Vemos em "O Século dos Manicômios", por exemplo, que a apropriação da loucura pela medicina foi não apenas uma reação à mitologia cristã; afinal, a Igreja também se utilizou de seus critérios nosográficos para distinguir um delírio patológico de um êxtase místico -evitando a canonização de algum maluco...
A nosografia é, aliás, a palavra-chave de "O Século dos Manicômios", pois é a partir das diferentes descrições das doenças e das atribuições etiológicas de suas causas que se delimitam as práticas médicas. Se nos séculos 17 e 18 predominam doutrinas estritamente organicistas sobre a loucura (como a iatroquímica, a pneumática e a iatromecânica), não existe uma distinção muito clara entre o doente mental e a vítima de uma doença convencional. O que não impede que o alienado seja identificado ao doente incurável e relegado aos lugares mais inóspitos dos hospitais.
Apenas no século 19 se consolida a prática (ocasional até então) de criar espaços exclusivos para o tratamento da patologia mental. Pessotti vê no surgimento dos manicômios a contrapartida institucional da teoria de Pinel -que grosso modo, conserva a identificação da loucura com o delírio, mas enxerga suas causas em distúrbios ou excessos das paixões, que acabam por provocar lesões no intelecto e na vontade.
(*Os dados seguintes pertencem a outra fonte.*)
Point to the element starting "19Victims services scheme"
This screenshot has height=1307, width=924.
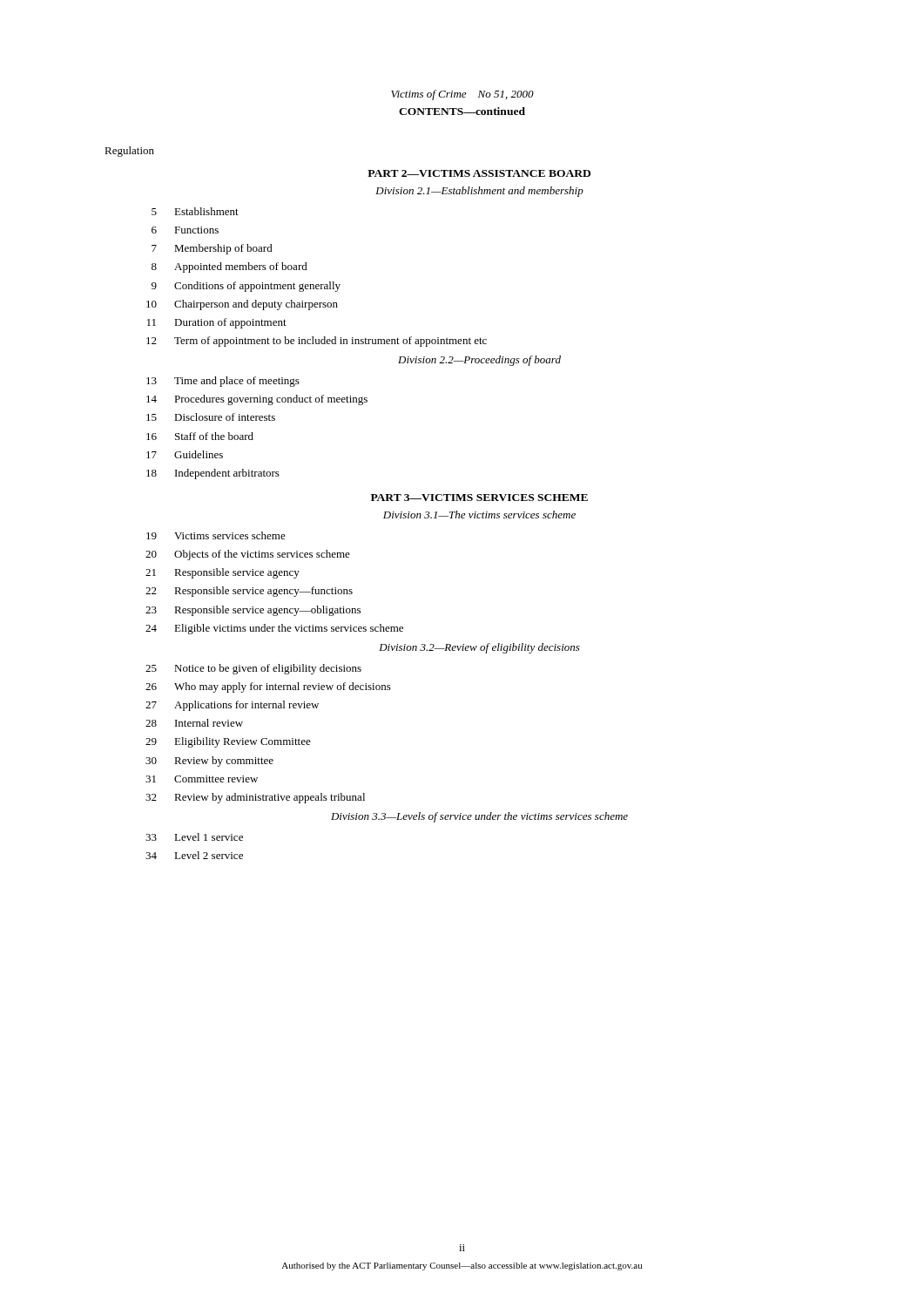pyautogui.click(x=216, y=535)
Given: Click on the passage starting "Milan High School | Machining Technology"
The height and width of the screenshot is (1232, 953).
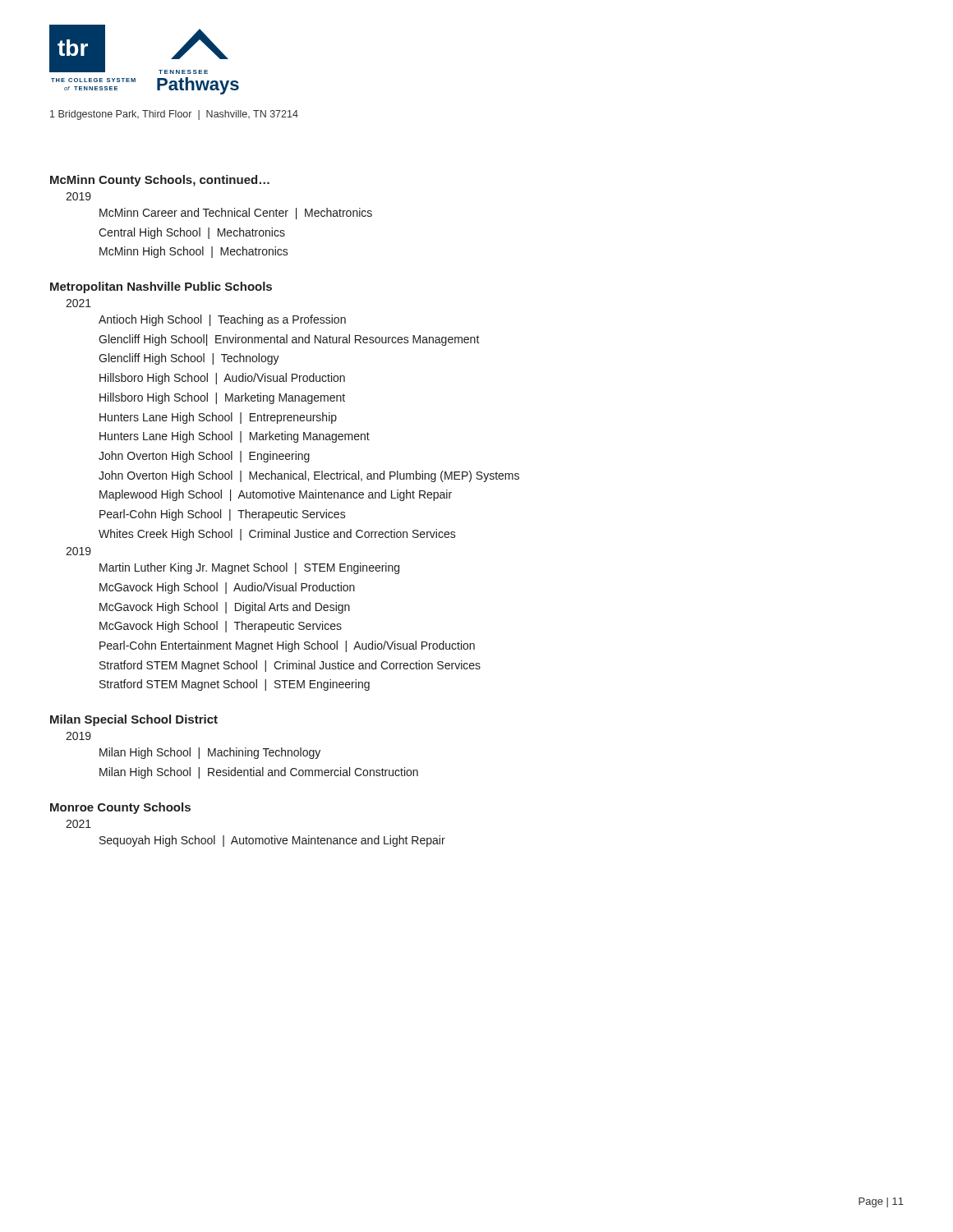Looking at the screenshot, I should [210, 752].
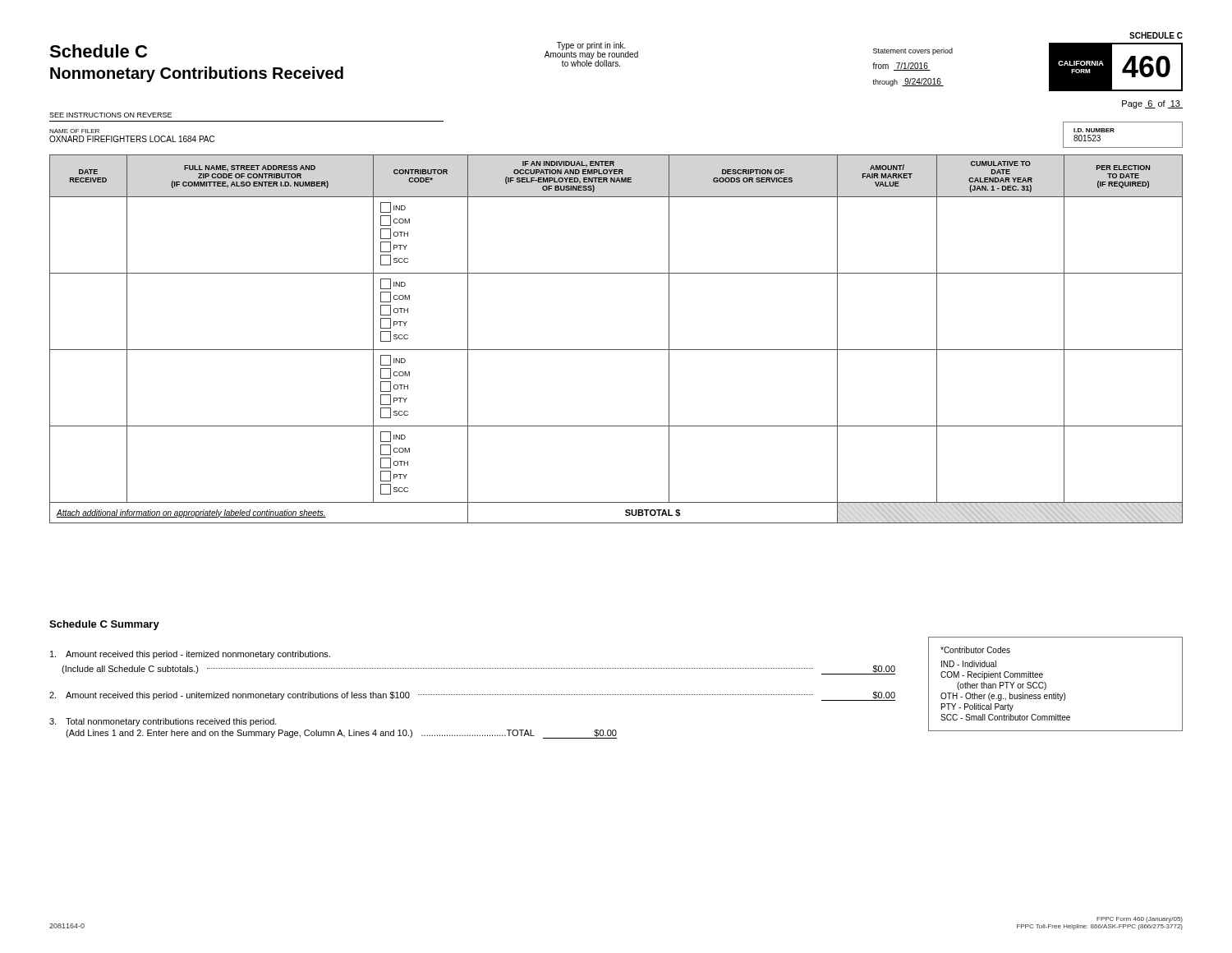
Task: Find the text block that reads "Contributor Codes IND - Individual"
Action: [x=1055, y=684]
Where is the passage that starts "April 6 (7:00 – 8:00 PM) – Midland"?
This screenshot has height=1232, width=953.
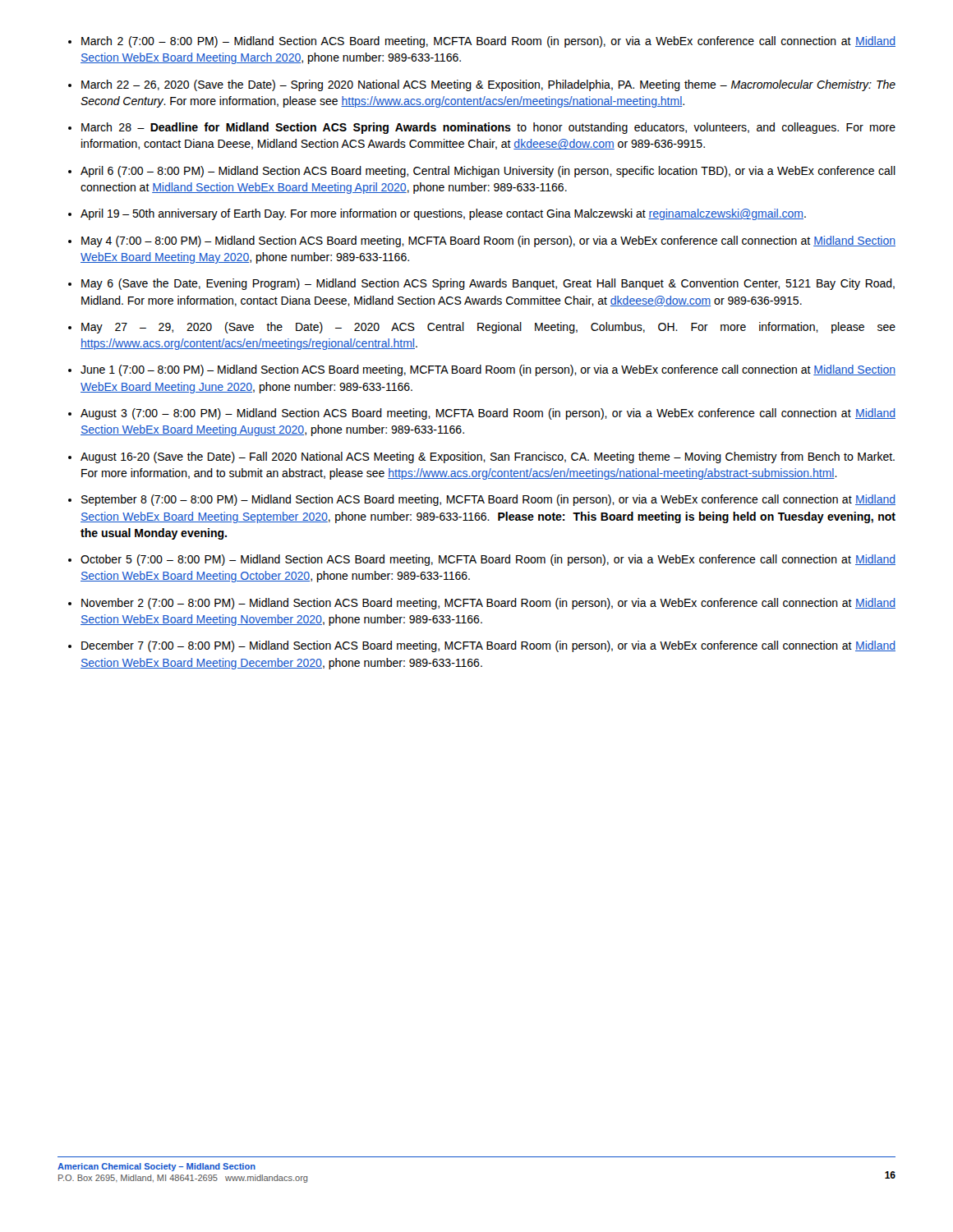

A psicopatologia assume então uma feição humanista: o manicômio deverá corrigir as paixões do alienado. Se os filósofos iluministas queriam corrigir os "moeurs", reformando a sociedade, o tratamento "moral" de Pinel -cujo gesto de libertar os loucos das correntes tornou-se um dos emblemas da Revolução Francesa- deverá resgatar a racionalidade residual que ainda permite tratar e considerar o louco como um ser humano.
Pessotti não é, todavia, um investigador ingênuo. O otimismo pineliano é apenas um entreato para uma ciência médica cuja incapacidade de provar suas crenças organicistas cedera espaço para concepções mentalistas. No final do século 19, porém, a ineficácia do tratamento faz do manicômio um laboratório infernal para novas e igualmente ineficazes experiências corretivas, como a máquina rotatória ou, no início deste século, a malarioterapia. "Toda a parafernália violenta da terapêutica física, construída pela medicina oitocentista para enfrentar a loucura, demonstra muito mais que prepotência, sua indisfarçável impotência", conclui ele.
"O Século dos Manicômios" delineia, portanto, o conflito que hoje opõe de maneira radical as teorias psicológicas e psiquiátricas da loucura, com desdobramentos como o movimento antimanicomial do italiano Franco Basaglia ou a psicanálise -que bem poderiam ser o objeto de um próximo livro. Com a vantagem, para quem busca uma postura teórica desapaixonada, de que Pessotti respeita as noções de conhecimento de cada discurso, seus sucessos e fracassos, sem descartar a visão humanista em nome de um positivismo científico ou transformar a eficácia médica num avatar do racionalismo tout court.